The task “OD” was chosen here. The objects in the picture are to be found, framed and named. It’s great that you can also simply add the coordinates:
{‘bboxes’: [[560.6400146484375, 344.5760192871094, 916.9920654296875, 878.0800170898438], [279.0400085449219, 140.8000030517578, 665.0880126953125,
843.2640380859375]], ‘labels’: [‘bear’, ‘lion’]}
Another example is “CAPTION_TO_PHRASE_GROUNDING”, which allows you to enter a text describing the object to be found in the image. In this case, a lion.
In this context, “grounding” means the ability of an AI model to link textual information with visual content in images. It is about linking text (e.g. descriptions or terms) with specific areas or objects in an image so that the model understands which text refers to which image content.
In the “CAPTION_TO_PHRASE_GROUNDING” task, you can specify in text form which object should be searched for in the image. In this case, you should search for “a lion”.
How does it all work?
Let’s take a quick look at the sketch to understand how Microsoft Florence-2 was implemented.
Microsoft has generated encodings and embeddings for images and texts, more precisely for the multi-task prompts. These visual embeddings were placed in a Transformer together with the text and location embeddings. Location embeddings represent, for example, the bounding boxes for object recognition. Text and location tokens then come from the transformer, which are then used to create the associations between image elements and text elements. As described above, different granularities can be used.
Architecture of Florence-2 as presented in the article “Florence-2: Advancing a Unified Representation for a Variety of Vision Tasks”. Page 3.
Florence-2 and AGI
AGI stands for “Artificial General Intelligence”. This refers to a form of artificial intelligence that is capable of performing a wide range of tasks that require human understanding and intelligence. Unlike specialized AI systems that only work well in narrow application areas, an AGI would be able to perform intellectual tasks in various domains as well as or even better than a human.
At least three variants can be distinguished here:
- In the case of specialized AI systems, it is assumed that the AI already has so-called island talents and there is usually hardly any talk about this. Of course, an AI can play chess or GO extremely well, carry out automated quality checks for hours with the help of image analysis or the Microsoft Translator can translate a sentence into over a hundred languages. But there are many things it can’t do as well as a human.
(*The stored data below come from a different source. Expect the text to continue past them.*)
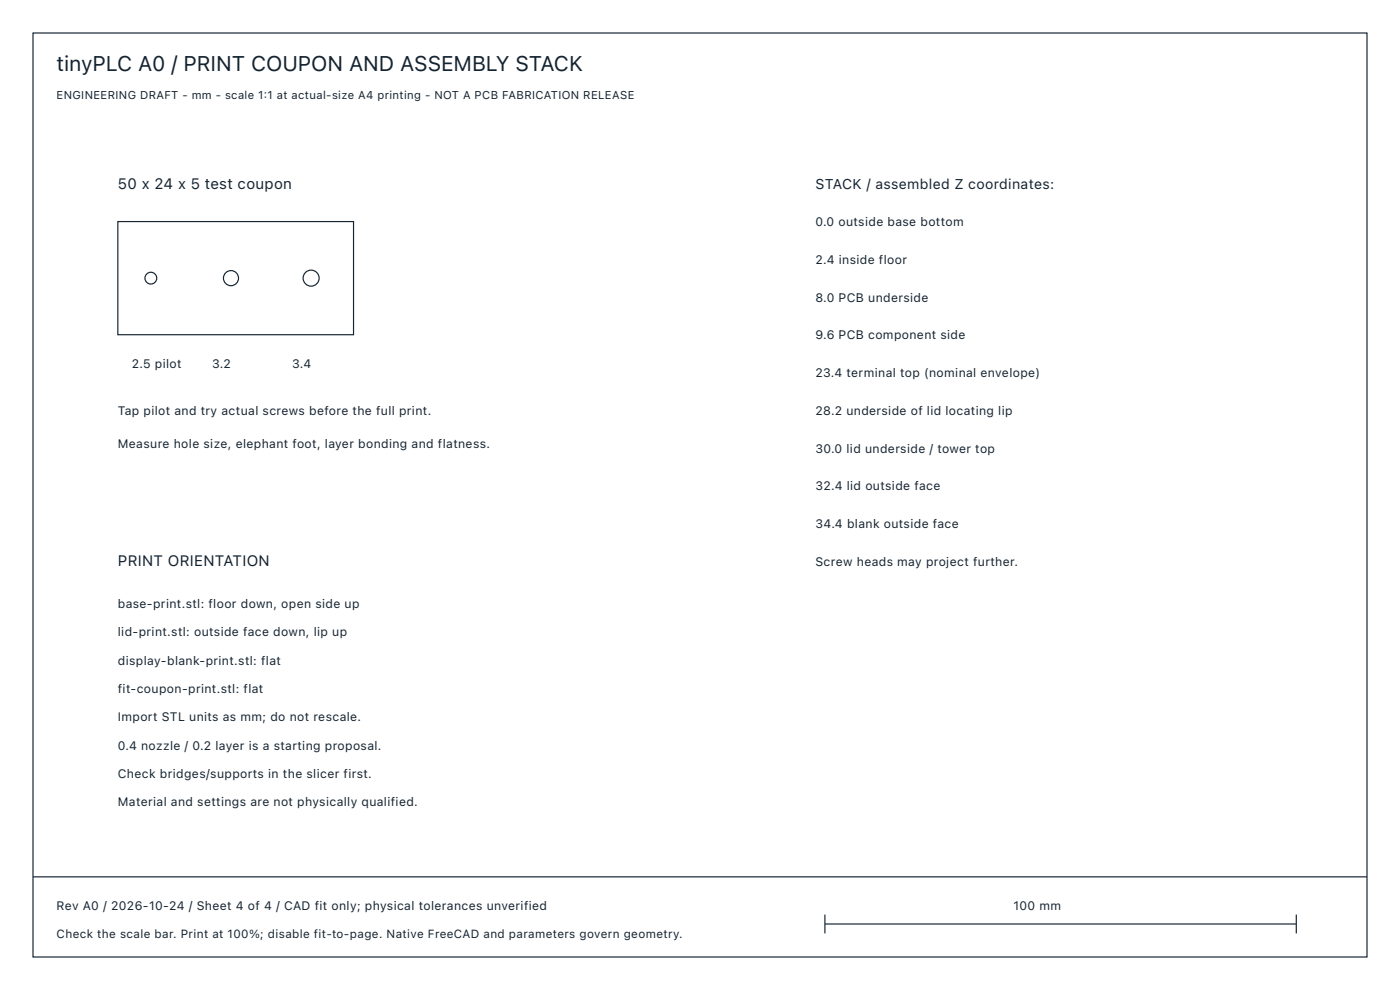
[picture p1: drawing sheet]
<svg xmlns="http://www.w3.org/2000/svg" width="297mm" height="210mm" viewBox="0 0 297 210" stroke-linecap="round" stroke-linejoin="round" font-family="sans-serif">
<defs><g id="words">
<text font-size="4.5" fill="#152431" x="12" y="15">tinyPLC A0 / PRINT COUPON AND ASSEMBLY STACK</text>
<g font-size="3.2" fill="#152431">
<text x="25" y="40">50 x 24 x 5 test coupon</text>
<text x="25" y="120">PRINT ORIENTATION</text>
</g>
<text font-size="3" fill="#152431" x="173" y="40">STACK / assembled Z coordinates:</text>
<g font-size="2.6" fill="#152431">
<text x="173" y="48">0.0 outside base bottom</text>
<text x="173" y="56">2.4 inside floor</text>
<text x="173" y="64">8.0 PCB underside</text>
<text x="173" y="72">9.6 PCB component side</text>
<text x="28" y="78">2.5 pilot</text>
<text x="45" y="78">3.2</text>
<text x="62" y="78">3.4</text>
<text x="173" y="80">23.4 terminal top (nominal envelope)</text>
<text x="25" y="88">Tap pilot and try actual screws before the full print.</text>
<text x="173" y="88">28.2 underside of lid locating lip</text>
<text x="25" y="95">Measure hole size, elephant foot, layer bonding and flatness.</text>
<text x="173" y="96">30.0 lid underside / tower top</text>
<text x="173" y="104">32.4 lid outside face</text>
<text x="173" y="112">34.4 blank outside face</text>
<text x="173" y="120">Screw heads may project further.</text>
<text x="25" y="129">base-print.stl: floor down, open side up</text>
<text x="25" y="135">lid-print.stl: outside face down, lip up</text>
<text x="25" y="141">display-blank-print.stl: flat</text>
<text x="25" y="147">fit-coupon-print.stl: flat</text>
<text x="25" y="153">Import STL units as mm; do not rescale.</text>
<text x="25" y="159">0.4 nozzle / 0.2 layer is a starting proposal.</text>
<text x="25" y="165">Check bridges/supports in the slicer first.</text>
<text x="25" y="171">Material and settings are not physically qualified.</text>
<text x="12" y="193">Rev A0 / 2026-10-24 / Sheet 4 of 4 / CAD fit only; physical tolerances unverified</text>
<text x="215" y="193">100 mm</text>
</g>
<text font-size="2.5" fill="#152431" x="12" y="199">Check the scale bar. Print at 100%; disable fit-to-page. Native FreeCAD and parameters govern geometry.</text>
<text font-size="2.4" fill="#152431" x="12" y="21">ENGINEERING DRAFT - mm - scale 1:1 at actual-size A4 printing - NOT A PCB FABRICATION RELEASE</text>
</g></defs>
<g fill="none" stroke="#152431" stroke-width=".25">
<path d="M7 7h283v196h-283zM25 47h50v24h-50zM7 186h283M175 196h100M175 194v4M275 194v4"/>
<circle cx="32" cy="59" r="1.25"/>
<circle cx="49" cy="59" r="1.6"/>
<circle cx="66" cy="59" r="1.7"/>
</g>
<use href="#words"/>
</svg>
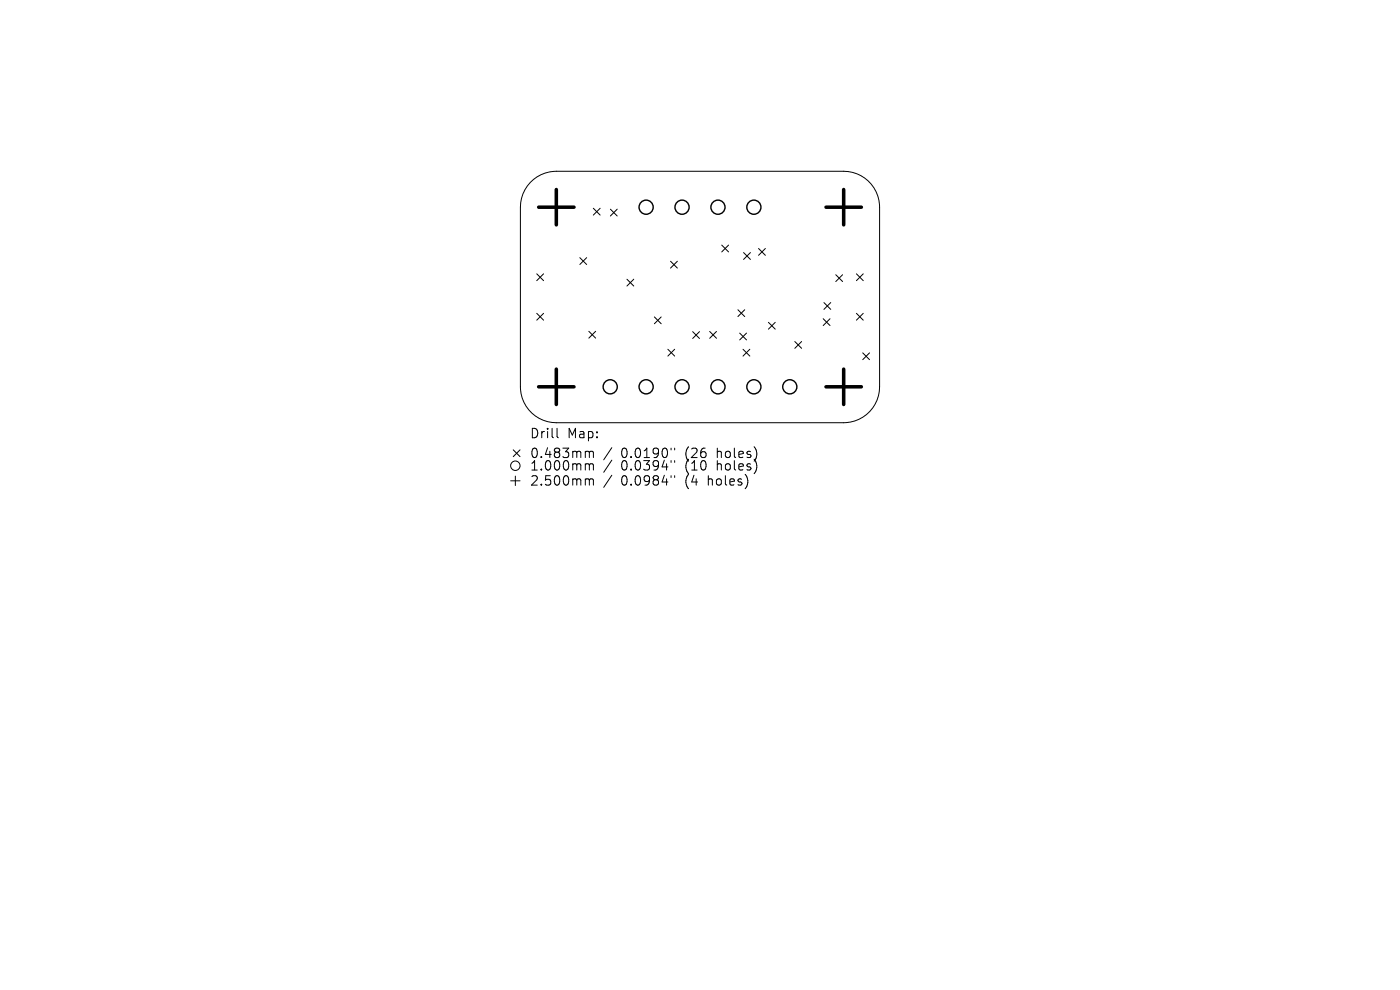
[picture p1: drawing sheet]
<svg xmlns="http://www.w3.org/2000/svg" width="297mm" height="210mm" viewBox="0 0 297 210" stroke-linecap="round" stroke-linejoin="round" font-family="sans-serif">
<defs><g id="words">
<g font-size="2.8">
<text x="112.3" y="93.2">Drill</text>
<text x="120.3" y="93.2">Map:</text>
<text x="112.3" y="97.4">0.483mm</text>
<text x="112.3" y="100.1">1.000mm</text>
<text x="131.8" y="97.4">0.0190&quot;</text>
<text x="131.8" y="100.1">0.0394&quot;</text>
<text x="145.5" y="97.4">(26</text>
<text x="145.5" y="100.1">(10</text>
<text x="152.4" y="97.4">holes)</text>
<text x="152.4" y="100.1">holes)</text>
<text x="112.3" y="103.3">2.500mm</text>
<text x="131.8" y="103.3">0.0984&quot;</text>
<text x="145.5" y="103.3">(4</text>
<text x="150.5" y="103.3">holes)</text>
</g>
</g></defs>
<g fill="none" stroke="#000" stroke-width=".21">
<path d="M112.5 38.7a7.6 7.6 0 0 1 5.5-2.4h61a7.6 7.6 0 0 1 7.6 7.7v38.1a7.6 7.6 0 0 1-7.6 7.6h-61a7.6 7.6 0 0 1-7.6-7.6v-38.1a7.6 7.6 0 0 1 2.1-5.3zM113.9 58.1l1.4 1.4M115.3 58.1l-1.4 1.4M123 54.7l1.5 1.4M124.5 54.7l-1.5 1.4M125.9 44.2l1.4 1.4M127.3 44.2l-1.4 1.4M129.5 44.4l1.4 1.4M130.9 44.4l-1.4 1.4M133 59.2l1.4 1.5M134.4 59.2l-1.4 1.5M142.3 55.4l1.4 1.5"/>
<path d="M143.7 55.4l-1.4 1.5M153.1 52l1.5 1.4M154.6 52l-1.5 1.4M157.7 53.6l1.5 1.4M159.2 53.6l-1.5 1.4M160.9 52.7l1.5 1.5M162.4 52.7l-1.5 1.5M177.3 58.3l1.5 1.4M178.8 58.3l-1.5 1.4M181.7 58.1l1.4 1.4M183.1 58.1l-1.4 1.4M113.9 66.5l1.4 1.4"/>
<path d="M115.3 66.5l-1.4 1.4M124.9 70.3l1.5 1.4M126.4 70.3l-1.5 1.4M138.8 67.2l1.5 1.5M140.3 67.2l-1.5 1.5M141.7 74.1l1.4 1.4M143.1 74.1l-1.4 1.4M146.9 70.4l1.5 1.4M148.4 70.4l-1.5 1.4M150.6 70.3l1.4 1.5M152 70.3l-1.4 1.5M156.5 65.7l1.5 1.5"/>
<path d="M156.9 70.7l1.5 1.4M157.6 74.1l1.5 1.4M158 65.7l-1.5 1.5M158.4 70.7l-1.5 1.4M159.1 74.1l-1.5 1.4M163 68.4l1.5 1.4M164.5 68.4l-1.5 1.4M168.6 72.4l1.5 1.5M170.1 72.4l-1.5 1.5M174.6 67.6l1.5 1.5M174.8 64.2l1.4 1.4M176.1 67.6l-1.5 1.5"/>
<path d="M176.2 64.2l-1.4 1.4M181.7 66.5l1.4 1.4M183 74.9l1.5 1.4M183.1 66.5l-1.4 1.4M184.5 74.9l-1.5 1.4M108.9 95.4l1.4 1.5M110.3 95.4l-1.4 1.5M118.2 90.9v1.7l.3 .3M124.5 95.7l.4 .1 .1 .2M124.5 98.4h.2l.3 .3M125 96l.3-.3 .5 .1 .1 1.3M125 96v1.1"/>
<path d="M125 98.7v1M125 98.7l.3-.3 .5 .1 .1 1.2M129.8 95l-1.7 2.5M129.8 97.6l-1.7 2.6M142.4 95.1v.3M142.4 97.7v.4M143.1 95.1v.3M143.1 97.7v.4M108.3 102h2M109.3 101v2M124.5 101.6h.2l.3 .3M125 101.9v1"/>
<path d="M125 101.9l.3-.3 .5 .1 .1 1.2M129.8 100.8l-1.7 2.6M142.4 100.9v.4M143.1 100.9v.4"/>
<circle cx="109.3" cy="98.8" r="1"/>
</g>
<g fill="none" stroke="#000" stroke-width=".3">
<circle cx="137.1" cy="44" r="1.5"/>
<circle cx="144.7" cy="44" r="1.5"/>
<circle cx="152.3" cy="44" r="1.5"/>
<circle cx="159.9" cy="44" r="1.5"/>
<circle cx="129.5" cy="82.1" r="1.5"/>
<circle cx="137.1" cy="82.1" r="1.5"/>
<circle cx="144.7" cy="82.1" r="1.5"/>
<circle cx="152.3" cy="82.1" r="1.5"/>
<circle cx="159.9" cy="82.1" r="1.5"/>
<circle cx="167.6" cy="82.1" r="1.5"/>
</g>
<path d="M114.3 44h7.5M118 40.2v7.5M175.2 44h7.5M179 40.2v7.5M118 78.3v7.5M179 78.3v7.5M114.3 82.1h7.5M175.2 82.1h7.5" fill="none" stroke="#000" stroke-width=".75"/>
<use href="#words"/>
</svg>

- In the second variant, an AI can do everything a human can do and at least as well. How many years it will take before we get there is written in the stars. At the moment, humans are still far ahead.
- In the third variant, the AI can do a great deal that humans can, but can also process much more, such as ultrasound, infrared or other information that is not directly accessible to us.
In all three variants, however, the question of whether a single AI can perform several tasks simultaneously, as we can process parallel tasks, also plays a role. Florence-2 is definitely a fascinating approach for such a capability.